Nevertheless, CDE has several limitations and drawbacks. Obviously, CDE is not helpful for people who use operating systems other than Linux and Unix. Also, the archive folder of CDE is excessively redundant for some settings. For example, the CDE archive includes a copy of many installation files for every software program (R, MatLab, SAS, Java, etc) used to perform an analysis. As CDE is used to document many analyses for multiple projects by a group of users that all have access to the same programs (such as a department of biostatistics or computational bioloy), the redundancy of such program files in CDE archives will begin to unnecessarily strain the storage resources of the computing infrastructure. This redundancy is amplified when the same large data files (such as genotype data files for genome-wide association studies) are present in multiple CDE archives. Additionally, collecting a large number of copies of proprietary software files in many CDE archives may inadvertently pose some legal problems. Furtermore, although the CDE archive is complete from a technical computing perspective, it still does not necessarily contain all the information necessary to exactly recapitulate the results of statistical analysis procedures such as bootstrapping, permutation, and simulation that rely on random number generation [16]. The initial seed and the random number generator must be retained for such analyses to be fully reproducible and such information will not be stored in the CDE archive if the program files did not explicitly set the value for the initial seed. Finally, CDE does not automatically generate any file to help a reviewer to understand the computational relationships among files such as indicating that specific program files generated specific result files. Understanding such computational relationships is necessary to critically evaluate the appropriateness of the methods and the scientific validity of the results.

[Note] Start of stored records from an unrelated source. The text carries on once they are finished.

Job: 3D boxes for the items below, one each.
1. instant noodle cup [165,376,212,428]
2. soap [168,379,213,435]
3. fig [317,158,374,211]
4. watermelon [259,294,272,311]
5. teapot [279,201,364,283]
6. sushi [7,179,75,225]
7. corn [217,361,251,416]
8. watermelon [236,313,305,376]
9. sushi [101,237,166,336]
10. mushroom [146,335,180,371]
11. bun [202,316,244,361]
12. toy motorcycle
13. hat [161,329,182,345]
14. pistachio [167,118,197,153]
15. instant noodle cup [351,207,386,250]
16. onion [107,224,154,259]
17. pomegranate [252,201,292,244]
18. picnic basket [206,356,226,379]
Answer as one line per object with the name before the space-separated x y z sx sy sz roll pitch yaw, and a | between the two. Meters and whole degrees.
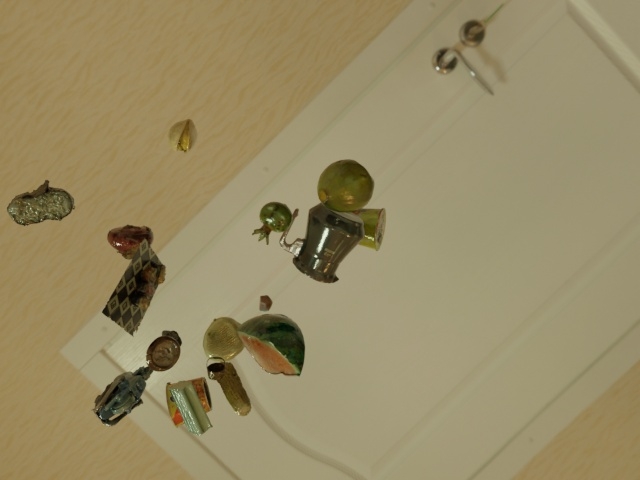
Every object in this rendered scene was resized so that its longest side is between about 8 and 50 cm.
instant noodle cup | -0.620 0.756 1.912 0.213 0.174 0.213 164 90 -77
soap | -0.497 0.640 1.539 0.115 0.063 0.198 -13 101 46
fig | 0.100 -0.228 1.758 0.239 0.271 0.239 25 134 29
watermelon | -0.323 0.356 2.269 0.072 0.092 0.084 42 -177 -33
teapot | 0.000 0.000 2.012 0.376 0.361 0.305 26 -167 2
sushi | -1.068 -0.146 1.533 0.115 0.213 0.147 39 142 51
corn | -0.350 0.575 1.591 0.086 0.086 0.288 44 174 -39
watermelon | -0.242 0.454 1.849 0.222 0.292 0.319 30 -128 -37
sushi | -0.621 0.176 1.417 0.050 0.289 0.264 12 149 6
mushroom | -0.553 0.396 1.406 0.123 0.123 0.052 45 147 -24
bun | -0.538 0.565 2.294 0.259 0.259 0.160 46 161 20
toy motorcycle | -0.991 0.740 1.989 0.241 0.181 0.319 5 -159 2
hat | -0.758 0.497 2.064 0.121 0.050 0.121 40 -161 -17
pistachio | -0.579 -0.440 1.684 0.117 0.145 0.200 13 -159 -15
instant noodle cup | 0.264 -0.078 2.380 0.200 0.264 0.264 9 168 19
onion | -0.804 0.006 1.700 0.184 0.147 0.184 12 -168 -3
pomegranate | -0.225 -0.085 1.876 0.156 0.220 0.156 36 177 2
picnic basket | -0.388 0.469 1.496 0.072 0.083 0.072 3 -161 -1

We have developed the package rctrack (Additional file 1, also available from our website listed below) to automatically archive data files, code files, and other details to support reproducible computing for R software that is widely used for statistical analysis of biomedical data and is freely available for the Unix/Linux, Windows, and MacOS operating systems. The rctrack package may be used in conjunction with literate programming R packages (Sweave, knitR) and does not require the user to modify previously written R programs. It automatically documents details regarding random number generation and a sketch of the R function call stack at the time that data, code, or result files are accessed or generated. These details are saved in an archive that includes additional files that have been automatically archived according to default or user-specified parameters to control the contents and size of the archive. The files in this archive can be used to develop a custom R package or other set of files to help others recapitulate the analysis results at a later date. Finally, the rctrack package also provides functions to audit one archive and to compare two archives at a later date.